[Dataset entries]
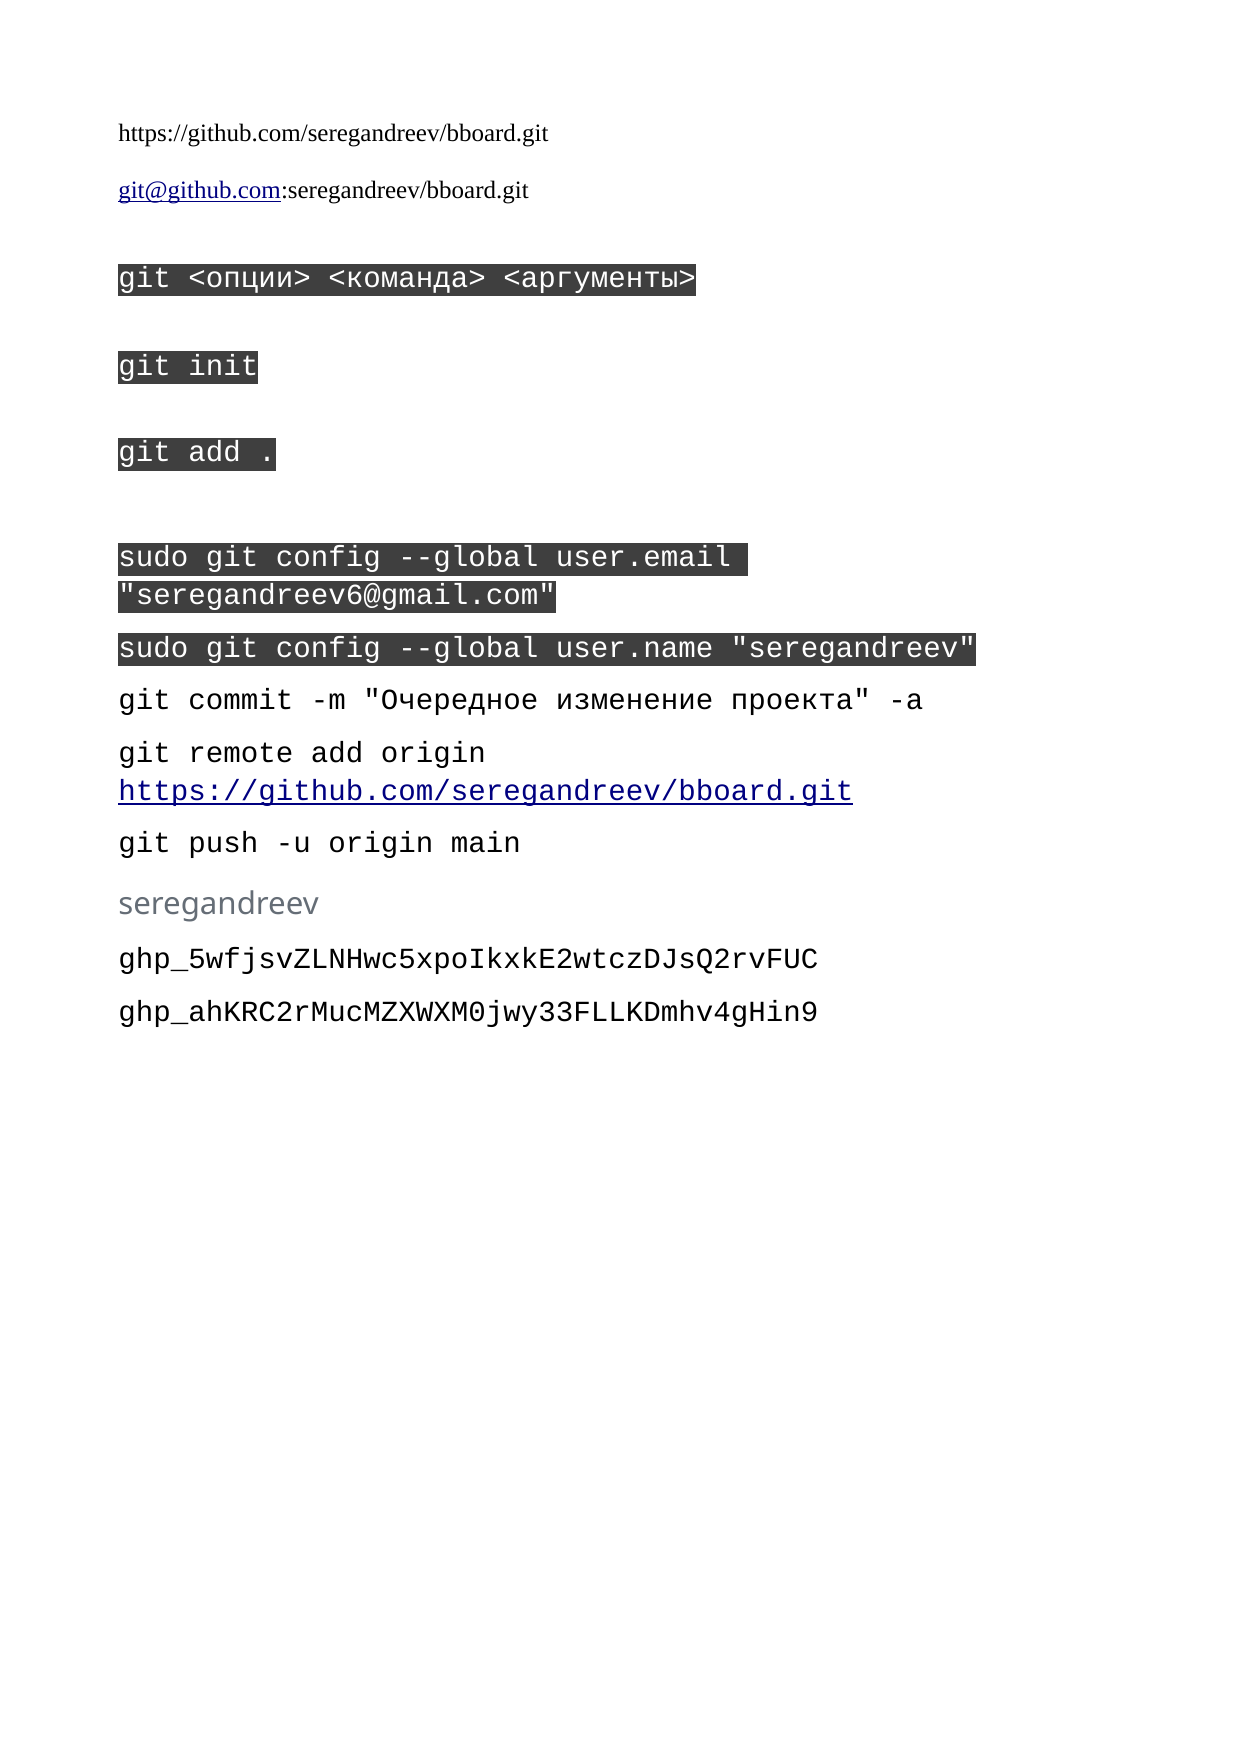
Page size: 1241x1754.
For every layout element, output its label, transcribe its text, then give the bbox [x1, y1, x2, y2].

text sudo git config --global user.name "seregandreev" [118, 633, 1122, 666]
text git push -u origin main [118, 828, 1122, 861]
text seregandreev [118, 881, 1122, 923]
text git commit -m "Очередное изменение проекта" -a [118, 686, 1122, 718]
text sudo git config --global user.email "seregandreev6@gmail.com" [118, 543, 1122, 613]
text git@github.com:seregandreev/bboard.git [118, 176, 1122, 204]
text https://github.com/seregandreev/bboard.git [118, 118, 1122, 147]
text 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 [118, 944, 1122, 977]
text 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 [118, 997, 1122, 1030]
text git remote add origin https://github.com/seregandreev/bboard.git [118, 738, 1122, 809]
text git add . [118, 404, 1122, 471]
text git init [118, 318, 1122, 384]
text git <опции> <команда> <аргументы> [118, 263, 1122, 296]

== EXERCISE PROMPT ==
Return the entries unchanged, save for the pictures, which do not belong in the copy.

== SOLVED EXERCISE ==
Page size: 1241x1754.
For every layout element, output its label, transcribe its text, then give the bbox [x1, y1, x2, y2].

text sudo git config --global user.name "seregandreev" [118, 633, 1122, 666]
text git push -u origin main [118, 828, 1122, 861]
text seregandreev [118, 881, 1122, 923]
text git commit -m "Очередное изменение проекта" -a [118, 686, 1122, 718]
text sudo git config --global user.email "seregandreev6@gmail.com" [118, 543, 1122, 613]
text git@github.com:seregandreev/bboard.git [118, 176, 1122, 204]
text https://github.com/seregandreev/bboard.git [118, 118, 1122, 147]
text 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 [118, 944, 1122, 977]
text 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 [118, 997, 1122, 1030]
text git remote add origin https://github.com/seregandreev/bboard.git [118, 738, 1122, 809]
text git add . [118, 404, 1122, 471]
text git init [118, 318, 1122, 384]
text git <опции> <команда> <аргументы> [118, 263, 1122, 296]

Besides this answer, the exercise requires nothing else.